The architect was Mary Jane Colter who spent months locating ruins and traveling overland to sketch and study the forms, construction and stonework. This seventy-foot tower was designed to take advantage of the sweeping views of the canyons. Based on two concentric circles connected with arching forms, the building's exterior features coursed sandstone alternating with bands of colored stone above a rubble base.



[Edited on 10-25-2009 by Pompano]

Paula - 10-24-2009 at 07:31 PM




This is Mary Jane Colter, designer of the tower. Probably not a well behaved woman, Paulina:biggrin: She selected each stone that went into it, and was on site working through the construction, ahead of her time as a woman architect. The tower is beautiful, and the art and colors inside are incredible!

Pompano, thank you for this thread! Your photos of the canyon are great, and they take me back to fall of 2008, when we FINALLY got there. It had always been very grand in my mind, but I had no idea!

BigWooo - 10-24-2009 at 10:46 PM

Great photos Pompano. I've really enjoyed your posts.

Pompano - 10-25-2009 at 07:36 AM

Quote:
Originally posted by Paula



This is Mary Jane Colter, designer of the tower. Probably not a well behaved woman, Paulina:biggrin: She selected each stone that went into it, and was on site working through the construction, ahead of her time as a woman architect. The tower is beautiful, and the art and colors inside are incredible!

Pompano, thank you for this thread! Your photos of the canyon are great, and they take me back to fall of 2008, when we FINALLY got there. It had always been very grand in my mind, but I had no idea!


Hola Paula, I agree with your idea of the architect, Mary Jane Colter, being a 'non-conformist' type of gal. Indeed, she most likely shocked some of the stiffer types of her day. From what I have read of her, it seems highly likely her and Calamity Jane would have hit it off...maybe even Ma Barker.

Thinking of women who succeeded in a man's world, she also reminds me of a great old gal I met in Coyote Bay back in the early 70's. Her name was Magee (Ma-gee) and she was an early and rare female graduate of the Colorado School of Mines.
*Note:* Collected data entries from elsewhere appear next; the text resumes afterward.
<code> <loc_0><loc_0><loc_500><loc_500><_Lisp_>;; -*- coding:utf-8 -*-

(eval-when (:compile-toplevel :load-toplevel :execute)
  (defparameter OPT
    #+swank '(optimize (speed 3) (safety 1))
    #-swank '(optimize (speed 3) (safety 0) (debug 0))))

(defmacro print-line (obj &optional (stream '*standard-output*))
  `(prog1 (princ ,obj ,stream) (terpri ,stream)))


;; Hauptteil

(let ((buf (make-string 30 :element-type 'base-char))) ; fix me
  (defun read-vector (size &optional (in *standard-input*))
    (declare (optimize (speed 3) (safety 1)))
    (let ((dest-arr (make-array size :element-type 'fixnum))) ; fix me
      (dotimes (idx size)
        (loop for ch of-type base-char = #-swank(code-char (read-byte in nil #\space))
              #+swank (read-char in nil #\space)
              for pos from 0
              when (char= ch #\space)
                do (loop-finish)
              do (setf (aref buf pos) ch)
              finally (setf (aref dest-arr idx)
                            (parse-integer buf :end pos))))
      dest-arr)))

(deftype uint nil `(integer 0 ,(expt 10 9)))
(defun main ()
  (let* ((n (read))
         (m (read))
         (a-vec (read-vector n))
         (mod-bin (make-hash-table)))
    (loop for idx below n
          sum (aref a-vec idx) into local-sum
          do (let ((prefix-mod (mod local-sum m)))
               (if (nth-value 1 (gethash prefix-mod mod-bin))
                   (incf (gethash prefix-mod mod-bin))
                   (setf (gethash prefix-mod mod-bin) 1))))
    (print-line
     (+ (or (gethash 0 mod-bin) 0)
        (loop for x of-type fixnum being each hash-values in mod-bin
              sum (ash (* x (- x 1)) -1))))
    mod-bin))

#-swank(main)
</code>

A very outspoken lady, who brooked no nonsense, and one who captured your heart quickly with her individualism. Being a young engineer and an explorer at heart, while employed by a large mining company, she discovered quite a few jade mines in North America..a couple in Alaska, BC in Canada, and in California, plus a gold mine in Mexico. She educated me on jade...and a few other fun things. She told me of finding nephrite jade Up North and jadeite in Guatemala and California. Stupid me, I figured jade was just..jade..and only found in China.
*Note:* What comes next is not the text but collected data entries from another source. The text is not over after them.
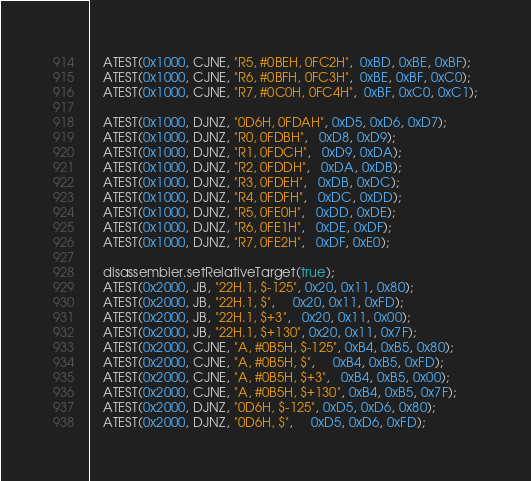<code> <loc_0><loc_0><loc_500><loc_500><_C++_>    ATEST(0x1000, CJNE, "R5, #0BEH, 0FC2H",  0xBD, 0xBE, 0xBF);
    ATEST(0x1000, CJNE, "R6, #0BFH, 0FC3H",  0xBE, 0xBF, 0xC0);
    ATEST(0x1000, CJNE, "R7, #0C0H, 0FC4H",  0xBF, 0xC0, 0xC1);

    ATEST(0x1000, DJNZ, "0D6H, 0FDAH", 0xD5, 0xD6, 0xD7);
    ATEST(0x1000, DJNZ, "R0, 0FDBH",   0xD8, 0xD9);
    ATEST(0x1000, DJNZ, "R1, 0FDCH",   0xD9, 0xDA);
    ATEST(0x1000, DJNZ, "R2, 0FDDH",   0xDA, 0xDB);
    ATEST(0x1000, DJNZ, "R3, 0FDEH",   0xDB, 0xDC);
    ATEST(0x1000, DJNZ, "R4, 0FDFH",   0xDC, 0xDD);
    ATEST(0x1000, DJNZ, "R5, 0FE0H",   0xDD, 0xDE);
    ATEST(0x1000, DJNZ, "R6, 0FE1H",   0xDE, 0xDF);
    ATEST(0x1000, DJNZ, "R7, 0FE2H",   0xDF, 0xE0);

    disassembler.setRelativeTarget(true);
    ATEST(0x2000, JB, "22H.1, $-125", 0x20, 0x11, 0x80);
    ATEST(0x2000, JB, "22H.1, $",     0x20, 0x11, 0xFD);
    ATEST(0x2000, JB, "22H.1, $+3",   0x20, 0x11, 0x00);
    ATEST(0x2000, JB, "22H.1, $+130", 0x20, 0x11, 0x7F);
    ATEST(0x2000, CJNE, "A, #0B5H, $-125", 0xB4, 0xB5, 0x80);
    ATEST(0x2000, CJNE, "A, #0B5H, $",     0xB4, 0xB5, 0xFD);
    ATEST(0x2000, CJNE, "A, #0B5H, $+3",   0xB4, 0xB5, 0x00);
    ATEST(0x2000, CJNE, "A, #0B5H, $+130", 0xB4, 0xB5, 0x7F);
    ATEST(0x2000, DJNZ, "0D6H, $-125", 0xD5, 0xD6, 0x80);
    ATEST(0x2000, DJNZ, "0D6H, $",     0xD5, 0xD6, 0xFD);</code>

Those were some times. She smoked long cheroots. She loved to have me bring her hassenpheffer (rabbit) from my hunts Up North and would put on a feast for us with her husband, Jack. She also loved absolutley anything to do with extraterrestrials...ETs...spaceships..visitations..sightings.
She had a standing offer out to the shrimp boats that used to anchor in front of our Coyote Bay houses: "If you have seen any UFO's on the Sea of Cortez, bring that story to me for some dinero and comida."

Well, I had been out on the Cortez quite a few times already by that time..and I had never seen a single UFO...BUT..the number of shrimp boat captains who HAD seen them grew alarmingly over the course of a couple years. Magee's veranda was never quite empty..always a shrimper here...a panga guy there..telling her about the huge glowing things that inhabit the Cortez nights. :rolleyes:

I know she didn't believe all of the stories..but I also knew she revelled in thier telling, and her imagination would take over from there. Good enough and great entertainment..back then we had little communication with the outside world. I used to 'grade' the believability of the stories and would tell Magee over coffee the next morning that the story last night was a 4..or maybe that rare 10. ;)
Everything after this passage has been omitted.